Sur demande de la défenderesse, le Tribunal de commerce limite la procédure (art. 125 CPC) à la question du for. Par décision incidente (art. 237 CPC), il se déclare compétent à raison du lieu et entre en matière sur le fond.

La société chargée de la direction des travaux forme recours auprès du Tribunal fédéral contre cette décision incidente. Le Tribunal fédéral est ainsi appelé à préciser la notion de « lieu de la prestation caractéristique » au sens de l’art. 31 CPC.

Droit

Aux termes de l’art. 31 CPC, parmi d’autres, le tribunal du lieu où la prestation caractéristique doit être exécutée est compétent pour statuer sur les actions découlant d’un contrat. En présence d’un élément d’extranéité, l’art. 113 LDIP prévoit un régime similaire. L’art. 117 LDIP relatif au droit applicable précise quelle est la prestation caractéristique dans un certain nombre de contrats. Dans le mandat, le contrat d’entreprise et d’autres contrats de prestation de service, il s’agit de la prestation de service (art. 117 al. 3 let. c LDIP). La notion de prestation caractéristique est la même à l’art. 31 CPC.

Les auteurs sont partagés quant à la compétence ratione loci en présence de plusieurs prestations non-monétaires qui pourraient toutes être considérées comme « caractéristiques » au sens de ces dispositions. La doctrine majoritaire propose de reconnaître dans ce cas plusieurs fors du lieu de la prestation caractéristique. Certains auteurs considèrent au contraire qu’il convient de renoncer au for du lieu de la prestation caractéristique dans une telle situation, afin d’éviter une multiplication des tribunaux compétents à raison du lieu.

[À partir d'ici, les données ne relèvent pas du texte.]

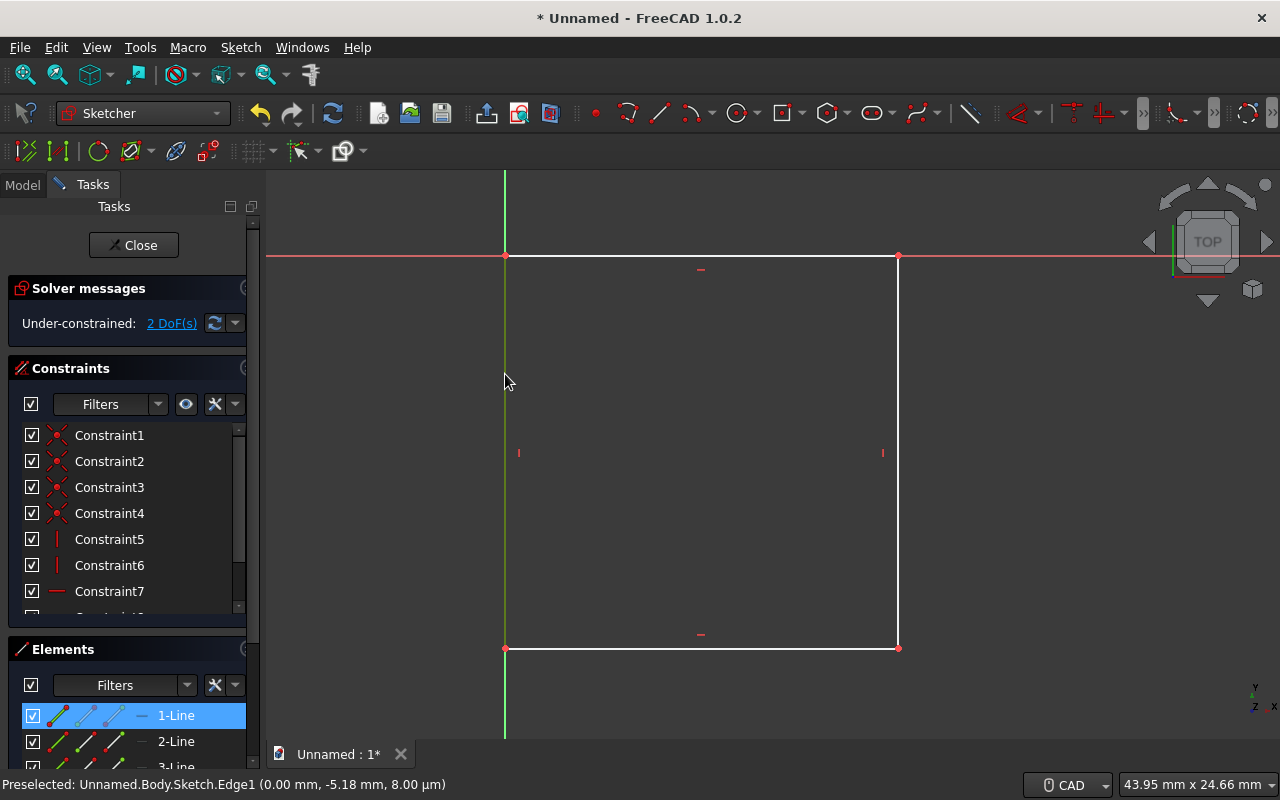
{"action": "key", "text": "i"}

Dans le cas d’espèce, le Tribunal de commerce bernois a retenu que l’art. 31 CPC trouvait application également en présence de plusieurs prestations caractéristiques. La lettre de la loi, bien qu’elle mentionne « la prestation caractéristique » (au singulier), n’exclut pas cette interprétation. Le Message relatif à l’art. 113 LDIP admet d’ailleurs expressément la possibilité de fors multiples dans ce contexte (FF 2009 1497, 1547). Si le Message relatif au CPC relève que « le contrat ne présente en général qu’une prestation de ce genre » (FF 2006 6841, 6883), ceci n’exclut pas d’éventuelles exceptions. Au demeurant, renoncer au for du lieu de l’exécution en présence de plusieurs prestations (potentiellement) caractéristiques paraît peu opportun en pratique. En effet, il conviendrait alors de trancher s’il existe une ou plusieurs prestations caractéristiques pour déterminer la compétence à raison du lieu, ce qui n’est pas souhaitable du point de vue de la sécurité juridique.

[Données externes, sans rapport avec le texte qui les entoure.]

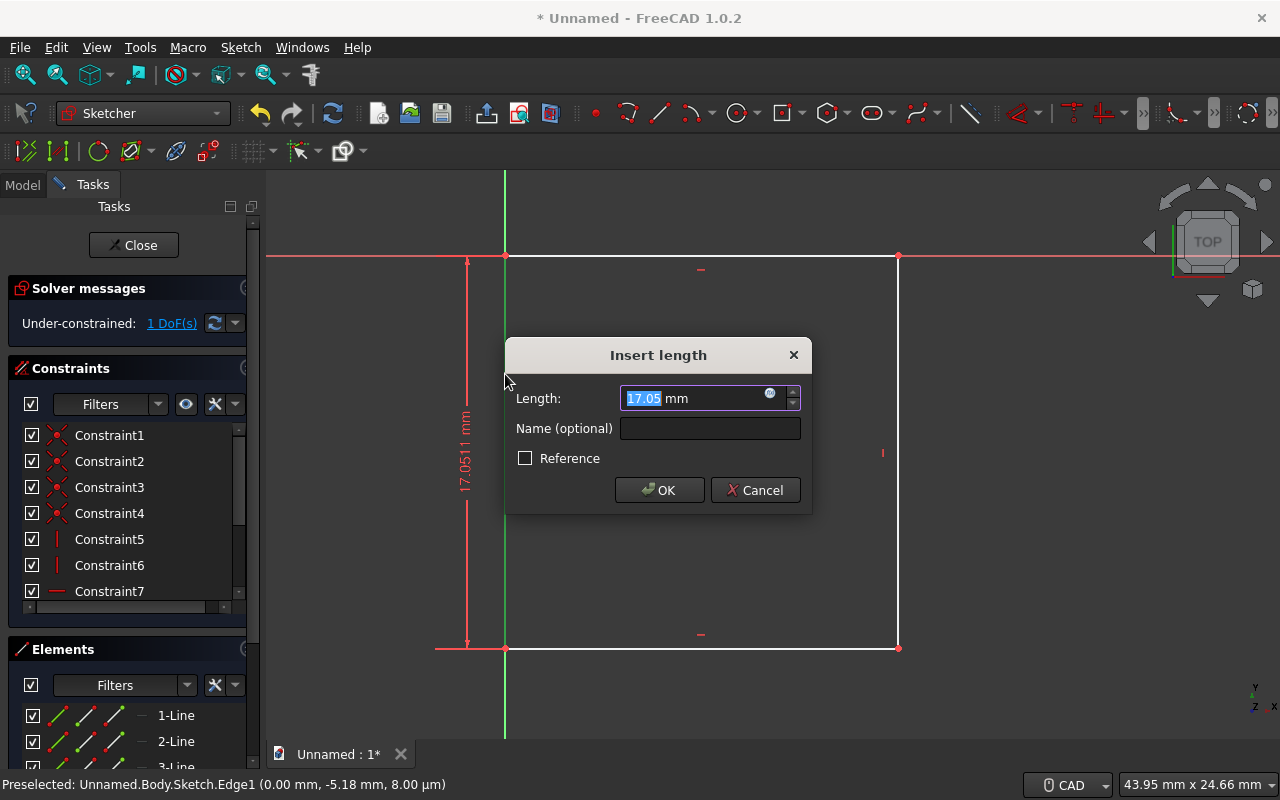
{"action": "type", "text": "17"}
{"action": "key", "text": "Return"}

La recourante fait valoir qu’en présence de plusieurs prestations caractéristiques, le for se situerait au lieu avec lequel le contrat présente les liens les plus étroits, par analogie avec le régime de l’art. 117 LDIP pour la détermination du droit applicable. On ne saurait suivre ce raisonnement. En effet, le but du régime de l’art. 117 LDIP est d’éviter que des droits différents régissent les divers aspects du contrat. Aucune problématique similaire ne se présente en matière de compétence ratione loci. En effet, le tribunal compétent pourra trancher les litiges relatifs à l’ensemble du contrat. L’art. 31 CPC et l’art. 113 LDIP prévoient d’ailleurs plusieurs fors alternatifs (for du lieu de la prestation caractéristique ou for du domicile/du siège du défendeur).

Partant, c’est à bon droit que l’instance précédente a admis l’applicabilité du for du lieu de la prestation caractéristique, nonobstant l’existence (potentielle) de plusieurs prestations caractéristiques.

La recourante fait encore valoir que dans une telle constellation, il conviendrait d’agir devant le tribunal du lieu de la prestation litigieuse, par analogie avec le régime de la Convention de Lugano (art. 5 al. 1 CL). Certains auteurs argumentent en effet en ce sens. Cela étant, l’obligation litigieuse in casu (soit l’obligation de conclure une assurance immobilière) fait partie de la direction des travaux, exécutée dans le canton de Berne. En tout état, le for de l’obligation litigieuse se situe dès lors dans le canton de Berne, où la demanderesse a agi. Le Tribunal fédéral laisse dès lors la question ouverte.

Partant, le Tribunal fédéral rejette le recours.